What to do: Write out all the entries word for word and omit any pictures.
[Start of Attachment]
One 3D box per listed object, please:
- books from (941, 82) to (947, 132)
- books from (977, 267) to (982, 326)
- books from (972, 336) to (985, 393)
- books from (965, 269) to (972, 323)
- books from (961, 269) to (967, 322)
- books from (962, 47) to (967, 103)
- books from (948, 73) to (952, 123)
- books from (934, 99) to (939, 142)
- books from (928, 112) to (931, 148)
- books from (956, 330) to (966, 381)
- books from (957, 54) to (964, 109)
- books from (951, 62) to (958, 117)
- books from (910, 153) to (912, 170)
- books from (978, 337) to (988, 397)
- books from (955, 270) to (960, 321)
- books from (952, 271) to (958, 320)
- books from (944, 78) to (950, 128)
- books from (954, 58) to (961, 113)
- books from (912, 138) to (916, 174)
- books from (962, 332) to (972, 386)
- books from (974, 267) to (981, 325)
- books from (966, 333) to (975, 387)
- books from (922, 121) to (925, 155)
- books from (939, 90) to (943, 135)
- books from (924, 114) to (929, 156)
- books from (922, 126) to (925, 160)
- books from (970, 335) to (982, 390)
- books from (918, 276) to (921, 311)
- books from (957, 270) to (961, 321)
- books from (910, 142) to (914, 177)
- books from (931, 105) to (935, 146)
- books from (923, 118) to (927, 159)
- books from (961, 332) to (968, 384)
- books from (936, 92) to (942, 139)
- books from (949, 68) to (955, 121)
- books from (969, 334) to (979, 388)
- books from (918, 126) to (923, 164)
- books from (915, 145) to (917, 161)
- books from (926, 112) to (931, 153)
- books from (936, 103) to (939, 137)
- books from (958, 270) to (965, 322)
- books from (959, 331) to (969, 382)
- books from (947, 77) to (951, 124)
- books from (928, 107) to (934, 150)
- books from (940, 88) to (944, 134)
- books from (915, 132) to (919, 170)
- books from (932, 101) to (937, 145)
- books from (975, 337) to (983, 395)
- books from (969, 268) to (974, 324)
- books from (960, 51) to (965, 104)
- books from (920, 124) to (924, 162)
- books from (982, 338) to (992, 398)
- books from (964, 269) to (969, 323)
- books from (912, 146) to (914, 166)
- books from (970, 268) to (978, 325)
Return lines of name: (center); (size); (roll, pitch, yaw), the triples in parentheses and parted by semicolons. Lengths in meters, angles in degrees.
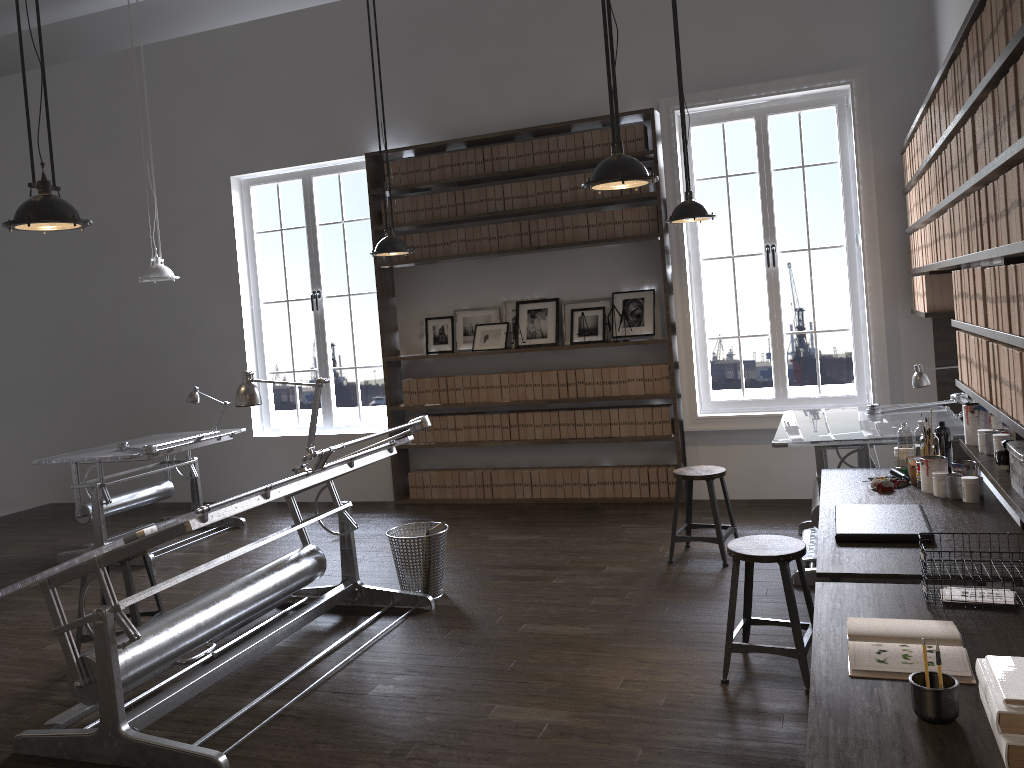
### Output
books: (1.977, -1.211, 3.858); (0.174, 0.225, 0.067); (-4, 2, 20)
books: (1.832, -0.329, 3.282); (0.174, 0.225, 0.067); (-4, 2, 20)
books: (1.923, -0.081, 3.493); (0.174, 0.225, 0.067); (-4, 2, 20)
books: (1.930, -0.359, 3.561); (0.174, 0.225, 0.067); (-4, 2, 20)
books: (1.982, -0.373, 3.693); (0.174, 0.225, 0.067); (-4, 2, 20)
books: (1.764, -1.147, 3.263); (0.174, 0.225, 0.067); (-4, 2, 20)
books: (1.907, -1.190, 3.660); (0.174, 0.225, 0.067); (-4, 2, 20)
books: (2.097, -1.246, 4.176); (0.174, 0.225, 0.067); (-4, 2, 20)
books: (2.196, -1.275, 4.449); (0.174, 0.225, 0.067); (-4, 2, 20)
books: (2.087, -0.130, 3.948); (0.174, 0.225, 0.067); (-4, 2, 20)
books: (1.814, -1.162, 3.394); (0.174, 0.225, 0.067); (-4, 2, 20)
books: (1.855, -1.175, 3.525); (0.174, 0.225, 0.067); (-4, 2, 20)
books: (2.574, -1.387, 5.496); (0.174, 0.225, 0.067); (-4, 2, 20)
books: (1.881, -0.068, 3.364); (0.174, 0.225, 0.067); (-4, 2, 20)
books: (2.046, -0.393, 3.879); (0.174, 0.225, 0.067); (-4, 2, 20)
books: (2.069, -0.400, 3.948); (0.174, 0.225, 0.067); (-4, 2, 20)
books: (1.957, -1.204, 3.790); (0.174, 0.225, 0.067); (-4, 2, 20)
books: (1.838, -1.169, 3.464); (0.174, 0.225, 0.067); (-4, 2, 20)
books: (2.495, -1.365, 5.291); (0.174, 0.225, 0.067); (-4, 2, 20)
books: (2.020, -0.110, 3.758); (0.174, 0.225, 0.067); (-4, 2, 20)
books: (1.860, -0.337, 3.353); (0.174, 0.225, 0.067); (-4, 2, 20)
books: (2.000, -0.103, 3.691); (0.174, 0.225, 0.067); (-4, 2, 20)
books: (2.285, -1.302, 4.707); (0.174, 0.225, 0.067); (-4, 2, 20)
books: (2.026, -1.225, 3.984); (0.174, 0.225, 0.067); (-4, 2, 20)
books: (2.233, -1.288, 4.572); (0.174, 0.225, 0.067); (-4, 2, 20)
books: (2.313, -1.310, 4.771); (0.174, 0.225, 0.067); (-4, 2, 20)
books: (1.950, -0.089, 3.560); (0.174, 0.225, 0.067); (-4, 2, 20)
books: (2.646, -0.572, 5.549); (0.174, 0.225, 0.067); (-4, 2, 20)
books: (2.026, -0.387, 3.819); (0.174, 0.225, 0.067); (-4, 2, 20)
books: (2.543, -1.380, 5.429); (0.174, 0.225, 0.067); (-4, 2, 20)
books: (2.145, -1.260, 4.309); (0.174, 0.225, 0.067); (-4, 2, 20)
books: (2.258, -1.295, 4.640); (0.174, 0.225, 0.067); (-4, 2, 20)
books: (2.046, -0.117, 3.825); (0.174, 0.225, 0.067); (-4, 2, 20)
books: (2.044, -1.231, 4.048); (0.174, 0.225, 0.067); (-4, 2, 20)
books: (1.880, -1.183, 3.593); (0.174, 0.225, 0.067); (-4, 2, 20)
books: (1.978, -0.096, 3.624); (0.174, 0.225, 0.067); (-4, 2, 20)
books: (2.355, -1.323, 4.905); (0.174, 0.225, 0.067); (-4, 2, 20)
books: (2.450, -1.351, 5.156); (0.174, 0.225, 0.067); (-4, 2, 20)
books: (2.216, -1.282, 4.511); (0.174, 0.225, 0.067); (-4, 2, 20)
books: (2.073, -1.238, 4.109); (0.174, 0.225, 0.067); (-4, 2, 20)
books: (1.999, -0.380, 3.758); (0.174, 0.225, 0.067); (-4, 2, 20)
books: (2.069, -0.124, 3.884); (0.174, 0.225, 0.067); (-4, 2, 20)
books: (1.935, -1.197, 3.724); (0.174, 0.225, 0.067); (-4, 2, 20)
books: (2.166, -1.267, 4.381); (0.174, 0.225, 0.067); (-4, 2, 20)
books: (2.003, -1.218, 3.925); (0.174, 0.225, 0.067); (-4, 2, 20)
books: (2.422, -1.344, 5.095); (0.174, 0.225, 0.067); (-4, 2, 20)
books: (2.117, -1.253, 4.244); (0.174, 0.225, 0.067); (-4, 2, 20)
books: (1.898, -0.074, 3.425); (0.174, 0.225, 0.067); (-4, 2, 20)
books: (1.910, -0.352, 3.493); (0.174, 0.225, 0.067); (-4, 2, 20)
books: (1.792, -1.155, 3.327); (0.174, 0.225, 0.067); (-4, 2, 20)
books: (2.334, -1.317, 4.838); (0.174, 0.225, 0.067); (-4, 2, 20)
books: (1.861, -0.061, 3.302); (0.174, 0.225, 0.067); (-4, 2, 20)
books: (1.958, -0.366, 3.626); (0.174, 0.225, 0.067); (-4, 2, 20)
books: (2.523, -1.372, 5.356); (0.174, 0.225, 0.067); (-4, 2, 20)
books: (1.880, -0.344, 3.424); (0.174, 0.225, 0.067); (-4, 2, 20)
[End of Attachment]
Exercise response:
One 3D box per listed object, please:
- books from (941, 82) to (947, 132)
- books from (977, 267) to (982, 326)
- books from (972, 336) to (985, 393)
- books from (965, 269) to (972, 323)
- books from (961, 269) to (967, 322)
- books from (962, 47) to (967, 103)
- books from (948, 73) to (952, 123)
- books from (934, 99) to (939, 142)
- books from (928, 112) to (931, 148)
- books from (956, 330) to (966, 381)
- books from (957, 54) to (964, 109)
- books from (951, 62) to (958, 117)
- books from (910, 153) to (912, 170)
- books from (978, 337) to (988, 397)
- books from (955, 270) to (960, 321)
- books from (952, 271) to (958, 320)
- books from (944, 78) to (950, 128)
- books from (954, 58) to (961, 113)
- books from (912, 138) to (916, 174)
- books from (962, 332) to (972, 386)
- books from (974, 267) to (981, 325)
- books from (966, 333) to (975, 387)
- books from (922, 121) to (925, 155)
- books from (939, 90) to (943, 135)
- books from (924, 114) to (929, 156)
- books from (922, 126) to (925, 160)
- books from (970, 335) to (982, 390)
- books from (918, 276) to (921, 311)
- books from (957, 270) to (961, 321)
- books from (910, 142) to (914, 177)
- books from (931, 105) to (935, 146)
- books from (923, 118) to (927, 159)
- books from (961, 332) to (968, 384)
- books from (936, 92) to (942, 139)
- books from (949, 68) to (955, 121)
- books from (969, 334) to (979, 388)
- books from (918, 126) to (923, 164)
- books from (915, 145) to (917, 161)
- books from (926, 112) to (931, 153)
- books from (936, 103) to (939, 137)
- books from (958, 270) to (965, 322)
- books from (959, 331) to (969, 382)
- books from (947, 77) to (951, 124)
- books from (928, 107) to (934, 150)
- books from (940, 88) to (944, 134)
- books from (915, 132) to (919, 170)
- books from (932, 101) to (937, 145)
- books from (975, 337) to (983, 395)
- books from (969, 268) to (974, 324)
- books from (960, 51) to (965, 104)
- books from (920, 124) to (924, 162)
- books from (982, 338) to (992, 398)
- books from (964, 269) to (969, 323)
- books from (912, 146) to (914, 166)
- books from (970, 268) to (978, 325)
Return lines of name: (center); (size); (roll, pitch, yaw), the triples in parentheses and parted by semicolons. Lengths in meters, angles in degrees.
### Output
books: (1.977, -1.211, 3.858); (0.174, 0.225, 0.067); (-4, 2, 20)
books: (1.832, -0.329, 3.282); (0.174, 0.225, 0.067); (-4, 2, 20)
books: (1.923, -0.081, 3.493); (0.174, 0.225, 0.067); (-4, 2, 20)
books: (1.930, -0.359, 3.561); (0.174, 0.225, 0.067); (-4, 2, 20)
books: (1.982, -0.373, 3.693); (0.174, 0.225, 0.067); (-4, 2, 20)
books: (1.764, -1.147, 3.263); (0.174, 0.225, 0.067); (-4, 2, 20)
books: (1.907, -1.190, 3.660); (0.174, 0.225, 0.067); (-4, 2, 20)
books: (2.097, -1.246, 4.176); (0.174, 0.225, 0.067); (-4, 2, 20)
books: (2.196, -1.275, 4.449); (0.174, 0.225, 0.067); (-4, 2, 20)
books: (2.087, -0.130, 3.948); (0.174, 0.225, 0.067); (-4, 2, 20)
books: (1.814, -1.162, 3.394); (0.174, 0.225, 0.067); (-4, 2, 20)
books: (1.855, -1.175, 3.525); (0.174, 0.225, 0.067); (-4, 2, 20)
books: (2.574, -1.387, 5.496); (0.174, 0.225, 0.067); (-4, 2, 20)
books: (1.881, -0.068, 3.364); (0.174, 0.225, 0.067); (-4, 2, 20)
books: (2.046, -0.393, 3.879); (0.174, 0.225, 0.067); (-4, 2, 20)
books: (2.069, -0.400, 3.948); (0.174, 0.225, 0.067); (-4, 2, 20)
books: (1.957, -1.204, 3.790); (0.174, 0.225, 0.067); (-4, 2, 20)
books: (1.838, -1.169, 3.464); (0.174, 0.225, 0.067); (-4, 2, 20)
books: (2.495, -1.365, 5.291); (0.174, 0.225, 0.067); (-4, 2, 20)
books: (2.020, -0.110, 3.758); (0.174, 0.225, 0.067); (-4, 2, 20)
books: (1.860, -0.337, 3.353); (0.174, 0.225, 0.067); (-4, 2, 20)
books: (2.000, -0.103, 3.691); (0.174, 0.225, 0.067); (-4, 2, 20)
books: (2.285, -1.302, 4.707); (0.174, 0.225, 0.067); (-4, 2, 20)
books: (2.026, -1.225, 3.984); (0.174, 0.225, 0.067); (-4, 2, 20)
books: (2.233, -1.288, 4.572); (0.174, 0.225, 0.067); (-4, 2, 20)
books: (2.313, -1.310, 4.771); (0.174, 0.225, 0.067); (-4, 2, 20)
books: (1.950, -0.089, 3.560); (0.174, 0.225, 0.067); (-4, 2, 20)
books: (2.646, -0.572, 5.549); (0.174, 0.225, 0.067); (-4, 2, 20)
books: (2.026, -0.387, 3.819); (0.174, 0.225, 0.067); (-4, 2, 20)
books: (2.543, -1.380, 5.429); (0.174, 0.225, 0.067); (-4, 2, 20)
books: (2.145, -1.260, 4.309); (0.174, 0.225, 0.067); (-4, 2, 20)
books: (2.258, -1.295, 4.640); (0.174, 0.225, 0.067); (-4, 2, 20)
books: (2.046, -0.117, 3.825); (0.174, 0.225, 0.067); (-4, 2, 20)
books: (2.044, -1.231, 4.048); (0.174, 0.225, 0.067); (-4, 2, 20)
books: (1.880, -1.183, 3.593); (0.174, 0.225, 0.067); (-4, 2, 20)
books: (1.978, -0.096, 3.624); (0.174, 0.225, 0.067); (-4, 2, 20)
books: (2.355, -1.323, 4.905); (0.174, 0.225, 0.067); (-4, 2, 20)
books: (2.450, -1.351, 5.156); (0.174, 0.225, 0.067); (-4, 2, 20)
books: (2.216, -1.282, 4.511); (0.174, 0.225, 0.067); (-4, 2, 20)
books: (2.073, -1.238, 4.109); (0.174, 0.225, 0.067); (-4, 2, 20)
books: (1.999, -0.380, 3.758); (0.174, 0.225, 0.067); (-4, 2, 20)
books: (2.069, -0.124, 3.884); (0.174, 0.225, 0.067); (-4, 2, 20)
books: (1.935, -1.197, 3.724); (0.174, 0.225, 0.067); (-4, 2, 20)
books: (2.166, -1.267, 4.381); (0.174, 0.225, 0.067); (-4, 2, 20)
books: (2.003, -1.218, 3.925); (0.174, 0.225, 0.067); (-4, 2, 20)
books: (2.422, -1.344, 5.095); (0.174, 0.225, 0.067); (-4, 2, 20)
books: (2.117, -1.253, 4.244); (0.174, 0.225, 0.067); (-4, 2, 20)
books: (1.898, -0.074, 3.425); (0.174, 0.225, 0.067); (-4, 2, 20)
books: (1.910, -0.352, 3.493); (0.174, 0.225, 0.067); (-4, 2, 20)
books: (1.792, -1.155, 3.327); (0.174, 0.225, 0.067); (-4, 2, 20)
books: (2.334, -1.317, 4.838); (0.174, 0.225, 0.067); (-4, 2, 20)
books: (1.861, -0.061, 3.302); (0.174, 0.225, 0.067); (-4, 2, 20)
books: (1.958, -0.366, 3.626); (0.174, 0.225, 0.067); (-4, 2, 20)
books: (2.523, -1.372, 5.356); (0.174, 0.225, 0.067); (-4, 2, 20)
books: (1.880, -0.344, 3.424); (0.174, 0.225, 0.067); (-4, 2, 20)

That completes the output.